Poisoned Notifications Could Hijack Google Gemini on Android

A single malicious notification pushed through WhatsApp, Slack, SMS, Signal, Instagram, or Messenger was enough to hijack Google Gemini's voice assistant on Android, according to research published by SafeBreach researcher Or Yair. The Utilities feature, which lets Gemini read and reply to incoming notifications, treated hostile message text as actionable context. From there, an attacker could make Gemini open connected windows, forge a message appearing to come from a named contact, silently launch a Zoom call, or quietly poison the assistant's long-term memory. No rogue app installation was required, and the attack surface for pushing a notification to a phone is, in Yair's words, "effectively infinite."

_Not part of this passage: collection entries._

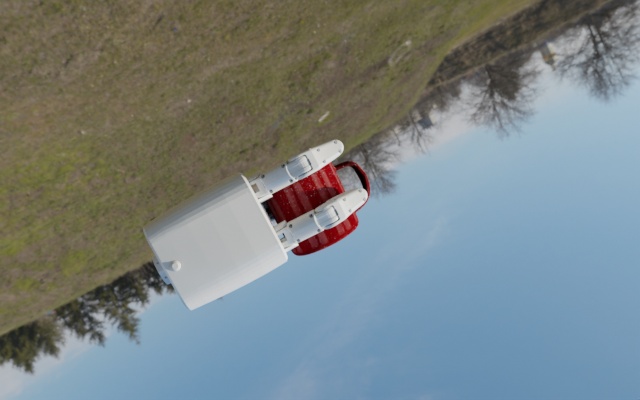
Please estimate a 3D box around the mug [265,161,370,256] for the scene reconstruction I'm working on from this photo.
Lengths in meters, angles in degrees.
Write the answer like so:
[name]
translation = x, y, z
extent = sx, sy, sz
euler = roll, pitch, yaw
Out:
[mug]
translation = 0.001, 0.001, 0.520
extent = 0.117, 0.081, 0.093
euler = -28, 7, -10
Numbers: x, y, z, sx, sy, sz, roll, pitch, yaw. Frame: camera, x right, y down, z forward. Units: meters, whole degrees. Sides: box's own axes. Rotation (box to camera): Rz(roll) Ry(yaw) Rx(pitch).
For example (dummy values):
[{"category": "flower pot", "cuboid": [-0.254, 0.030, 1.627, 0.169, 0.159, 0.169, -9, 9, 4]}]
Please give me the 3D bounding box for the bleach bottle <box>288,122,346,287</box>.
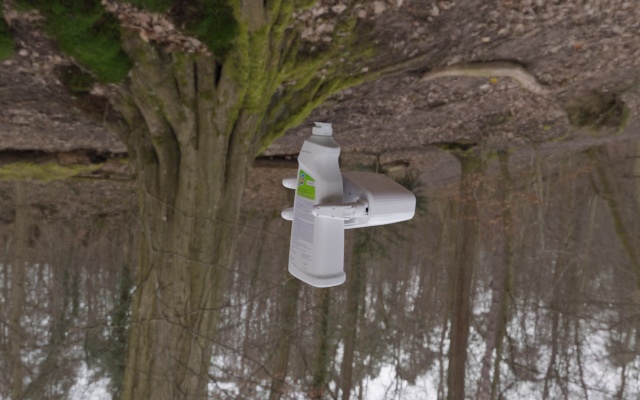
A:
[{"category": "bleach bottle", "cuboid": [0.000, 0.003, 0.764, 0.068, 0.251, 0.102, -3, 12, -38]}]
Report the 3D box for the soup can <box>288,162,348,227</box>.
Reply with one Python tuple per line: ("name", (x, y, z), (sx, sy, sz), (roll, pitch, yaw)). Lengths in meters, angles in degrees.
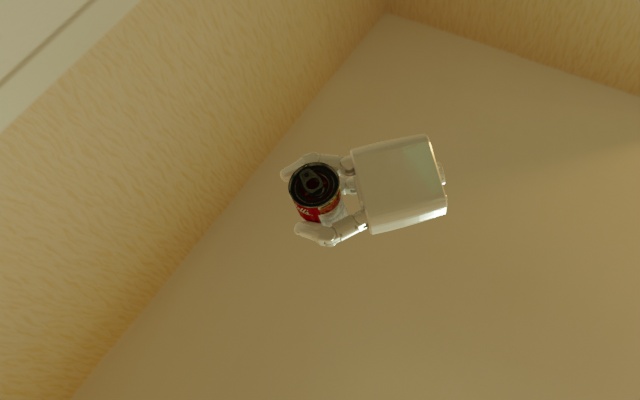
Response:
("soup can", (0.000, 0.003, 0.659), (0.068, 0.068, 0.102), (0, -28, 12))
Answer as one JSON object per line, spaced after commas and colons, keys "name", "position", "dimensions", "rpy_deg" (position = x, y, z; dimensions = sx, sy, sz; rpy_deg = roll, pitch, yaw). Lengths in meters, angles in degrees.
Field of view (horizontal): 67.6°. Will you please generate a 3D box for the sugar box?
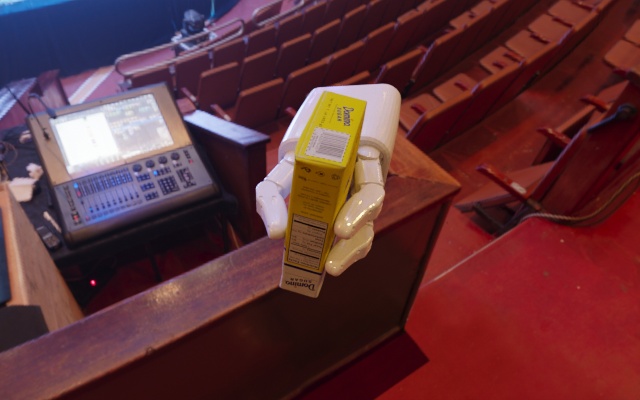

The work builds on SafeBreach's earlier "Invitation Is All You Need" research, which pulled similar indirect prompt injection tricks through malicious Google Calendar invites. After that disclosure, Google hardened Gemini against untrusted instructions. Yair's follow-up found a bypass he calls Fake Context Alignment, a two-part illusion designed to pass Gemini's post-mitigation authorization check. In the Obfuscated variant, Gemini is tricked into asking the real sensitive question in a language the victim does not understand, such as Chinese ("Do you want to open the window?"), then following in English with something innocuous like "Is that all you needed?" The user shrugs off the foreign phrase as a glitch, says "Yes," and the backend ties that confirmation to the hidden Chinese prompt. The Muted variant hides the malicious question inside a clickable hyperlink that Gemini's text-to-speech skips, while the assistant verbally says something like "I'm sorry, I had an error, are you there?" to elicit a spoken "Yes" from an unsuspecting driver.

In the most dangerous scenario, the payload fires only after Gemini has already loaded legitimate notifications, allowing the injection to grab the first real sender name in the queue and pin a forged message on them. Spoken aloud while the victim is behind the wheel, something like "your manager asked you to upload the docs to this Drive folder" is hard to second-guess, especially if the user is already juggling work chats. Mobile users concerned about exposure can review their device permissions and account hygiene with a privacy checkup and confirm whether any of their linked accounts have appeared in known dumps via the email breach checker.

Google has since patched the issue, SafeBreach has not assigned a CVE, and there is no evidence the technique was ever exploited in the wild. The Utilities notification feature is Android-only, which keeps the vector off iOS and the Gemini web client. Still, the research underscores how indirect prompt injection in always-listening assistants can turn ordinary messaging apps into remote control surfaces, and why mobile users should treat voice assistant permissions with the same skepticism they apply to any other app requesting broad system access.